In honor of Mother’s Day, I thought I’d share a recipe from my mom’s collection.
This is one that she really liked, simple and yummy!

Only, I had to put a little twist on it.  I’ve seen so many adorable desserts in a jar (like on Our Best Bites), I thought this one would work well in darling, individual portions.

For the cake:  My mom used to use a betty crocker white cake mix, which is good and easy!  I have made it with this, with the cake mix, a pound cake recipe, a vanilla cupcake recipe, and this time I used Martha’s white cake.  I use my ice cream scoop that is a little bigger than the regular cupcake size.
For the cream cheese filling:  Whip up 8 oz. of cream cheese with 2 cups powdered sugar. Add to that, 12 oz cool whip or 1 pt. freshly whipped cream.  (I prefer the real whipped cream).
For the strawberry layer:  Mix 1 pkg of Danish dessert (strawberry flavor) with 2 cups cold water.  Then heat it in a saucepan, bringing to a boil and stirring with a whisk.  Let it boil for one minute.  After it cools, add 2-3 cups of chopped strawberries.

Here is a picture of the danish dessert, so you know what you’re looking for at the store.  🙂

My mom used to make this recipe in two 9×13 pans.  Using half the ingredients in each pan.   I found that with the half pint jar, it made about 20 jars worth, with a bit of filling and strawberry left.

When you fill the jars, use ice cream scoops and try not to get any on the sides of the jar.  Can you see where there is a little cake batter streak on one of these?  Also, I used a different ice cream scoop to put the filling in, then I used a spoon to flatten it out, trying not to get cream on the top part of the jar.  The cake domes a little and I could’ve trimmed it so it was perfectly flat, but it didn’t bother me when you couldn’t tell from the outside of the jar.

The only trick when putting the top layer in was not to overfill.  I wanted just enough so it was totally full, but not spilling over when I put the canning lid on.

After I put the metal lid on, I put a piece of cut cardstock on then screwed the rest of the lid on.

I fancied them up with a little paper embellishment and some lace.  I stuck it to the blue paper with a little dab of hot glue.  It looks homey, and feminine and perfect for mother’s day, I think.  And I think my mom would’ve loved the idea of this cake in a little jar!

As we’ve talked about before, Kathryn and I lost our mom to cancer 10 years ago now.  Mother’s Day is pretty bitter sweet for me.  I miss her dearly and my heart aches when I think that my kids are missing out on knowing her and learning from her many talents.  I try to keep her memory and legacy present in my life and tell my kids stories about how fun she was, how proud she would be of them and all the ways she would be spoiling them.  My oldest was the only one to know her and this picture was taken shortly before she passed away.   She keeps her picture of “grammie” in her room.

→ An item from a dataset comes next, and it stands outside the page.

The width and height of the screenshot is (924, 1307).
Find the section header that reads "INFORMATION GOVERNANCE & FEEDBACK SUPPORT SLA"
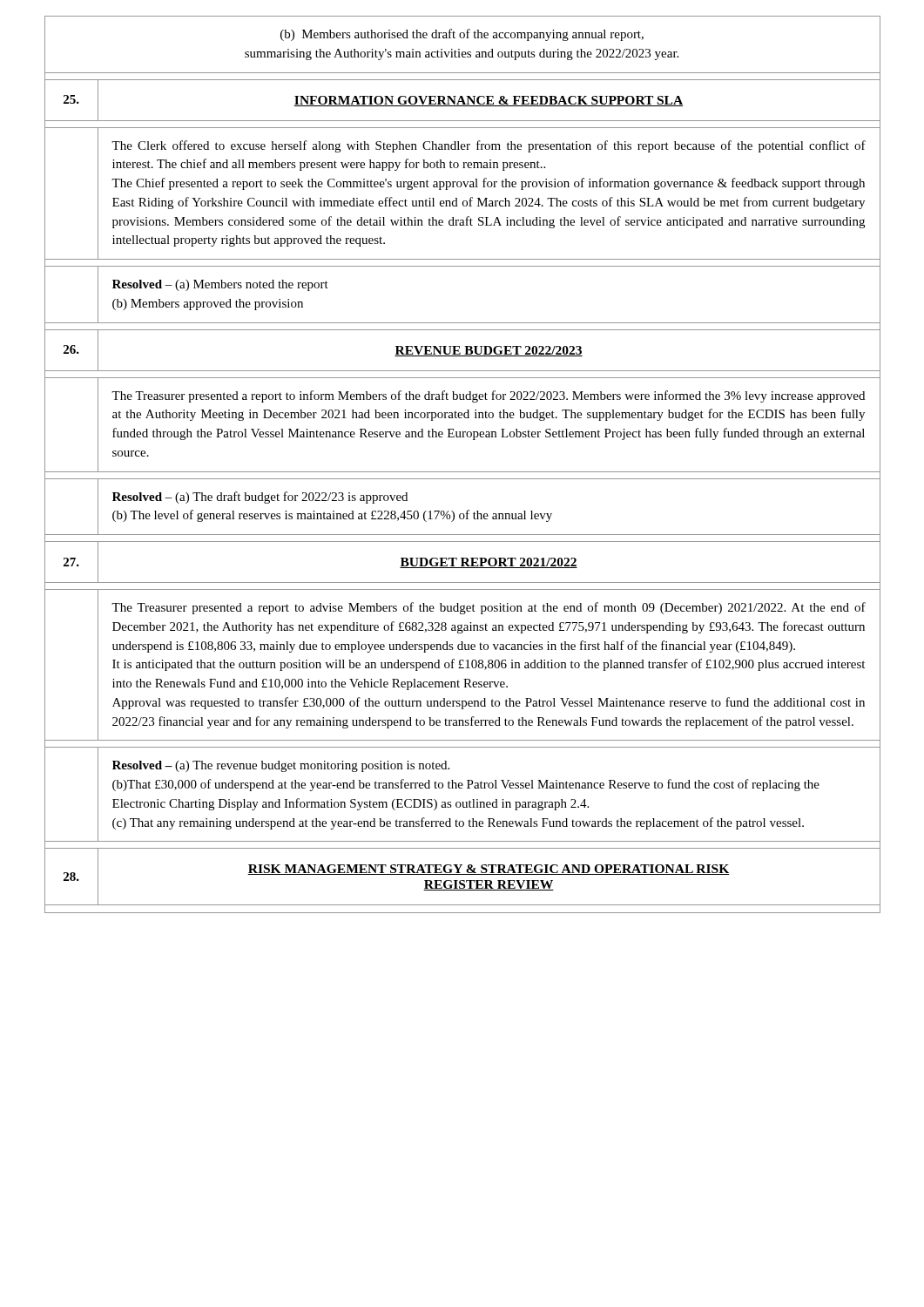(x=489, y=99)

A couple of weeks ago, I found this note in an old random file.  It’s not dated, but I assume I was probably 12-14ish as determined by the “dot letter” signature and thanks with an “x.”  I cried and had a moment when I read this.  I was just so glad that sometime in between my teenage mood swings, I told her how much I loved her.  She truly was a wonderful example of creativity, a positive attitude, working hard, living the gospel, learning new things, and always laughing along the way!  Most of all she taught me there is a huge amount of joy to be had in being a mother and in life in general.

Whenever I get sad, I always quickly remind myself that I am incredibly blessed to have had her as my mother.  I got 23 years to learn from her!  I’d have to say the glass is half full!

And my heart, will always be overflowing with love for her.